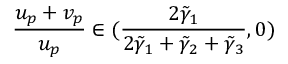Convert formula to latex. <formula><loc_0><loc_0><loc_500><loc_500>\frac { u _ { p } + v _ { p } } { u _ { p } } \in ( \frac { 2 \tilde { \gamma } _ { 1 } } { 2 \tilde { \gamma } _ { 1 } + \tilde { \gamma } _ { 2 } + \tilde { \gamma } _ { 3 } } , 0 )</formula> 
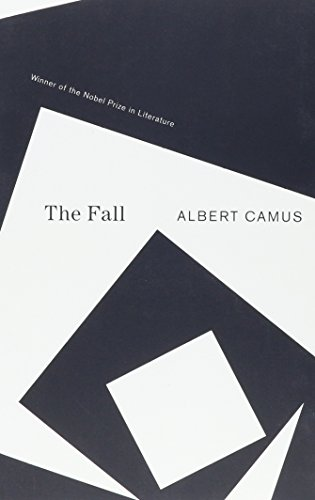Who wrote this book?
Answer the question using a single word or phrase. Albert Camus What is the title of this book? The Fall What type of book is this? Literature & Fiction Is this book related to Literature & Fiction? Yes Is this book related to Science Fiction & Fantasy? No 
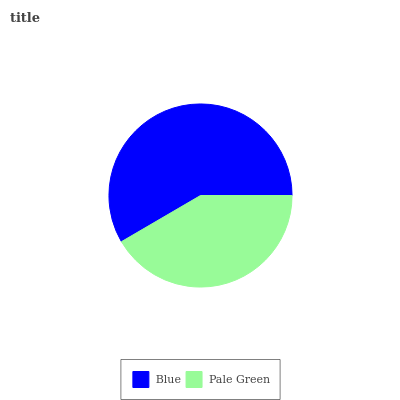Is Pale Green the minimum?
Answer yes or no. Yes. Is Blue the maximum?
Answer yes or no. Yes. Is Pale Green the maximum?
Answer yes or no. No. Is Blue greater than Pale Green?
Answer yes or no. Yes. Is Pale Green less than Blue?
Answer yes or no. Yes. Is Pale Green greater than Blue?
Answer yes or no. No. Is Blue less than Pale Green?
Answer yes or no. No. Is Blue the high median?
Answer yes or no. Yes. Is Pale Green the low median?
Answer yes or no. Yes. Is Pale Green the high median?
Answer yes or no. No. Is Blue the low median?
Answer yes or no. No. 
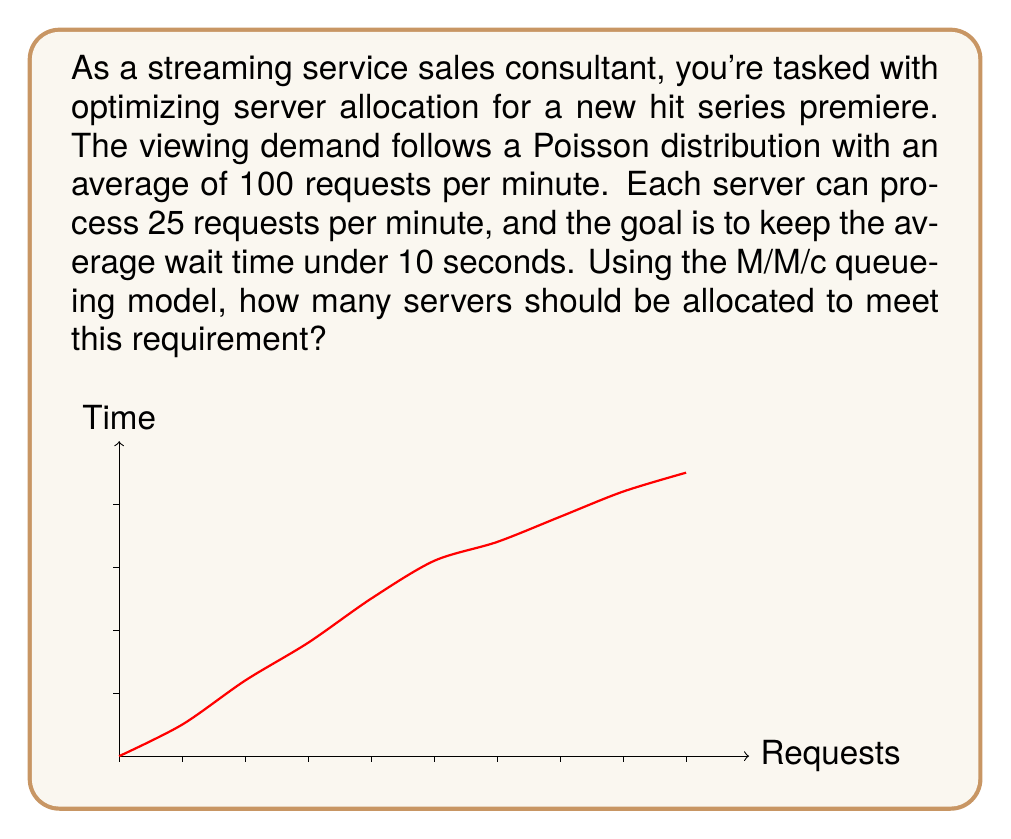Solve this math problem. To solve this problem, we'll use the M/M/c queueing model, where:
- M: Poisson arrival process
- M: Exponential service times
- c: Number of servers

Step 1: Calculate the system's arrival rate (λ) and service rate (μ).
λ = 100 requests/minute
μ = 25 requests/minute per server

Step 2: Calculate the utilization factor (ρ) for c servers:
$$ \rho = \frac{\lambda}{c\mu} $$

Step 3: Use the Erlang C formula to calculate the probability of waiting (P_w):
$$ P_w = \frac{(c\rho)^c}{c!(1-\rho)} \cdot \left[\sum_{n=0}^{c-1}\frac{(c\rho)^n}{n!} + \frac{(c\rho)^c}{c!(1-\rho)}\right]^{-1} $$

Step 4: Calculate the average waiting time (W_q):
$$ W_q = \frac{P_w}{c\mu - \lambda} $$

Step 5: Iterate through different values of c until W_q < 10 seconds (1/6 minute).

Using a computational tool or calculator:

For c = 5: ρ = 0.8, P_w ≈ 0.8674, W_q ≈ 0.2169 minutes (13.01 seconds)
For c = 6: ρ ≈ 0.6667, P_w ≈ 0.6031, W_q ≈ 0.0603 minutes (3.62 seconds)

Therefore, 6 servers are needed to keep the average wait time under 10 seconds.
Answer: 6 servers

- What the task asks
Scan the records for the string "Blue" and report each line where it occurs.

- Task solution
Answer yes or no. Yes. Is Blue the maximum?
Answer yes or no. No. Is Blue greater than Pale Green?
Answer yes or no. Yes. Is Pale Green less than Blue?
Answer yes or no. Yes. Is Pale Green greater than Blue?
Answer yes or no. No. Is Blue less than Pale Green?
Answer yes or no. No. Is Blue the high median?
Answer yes or no. No. Is Blue the low median?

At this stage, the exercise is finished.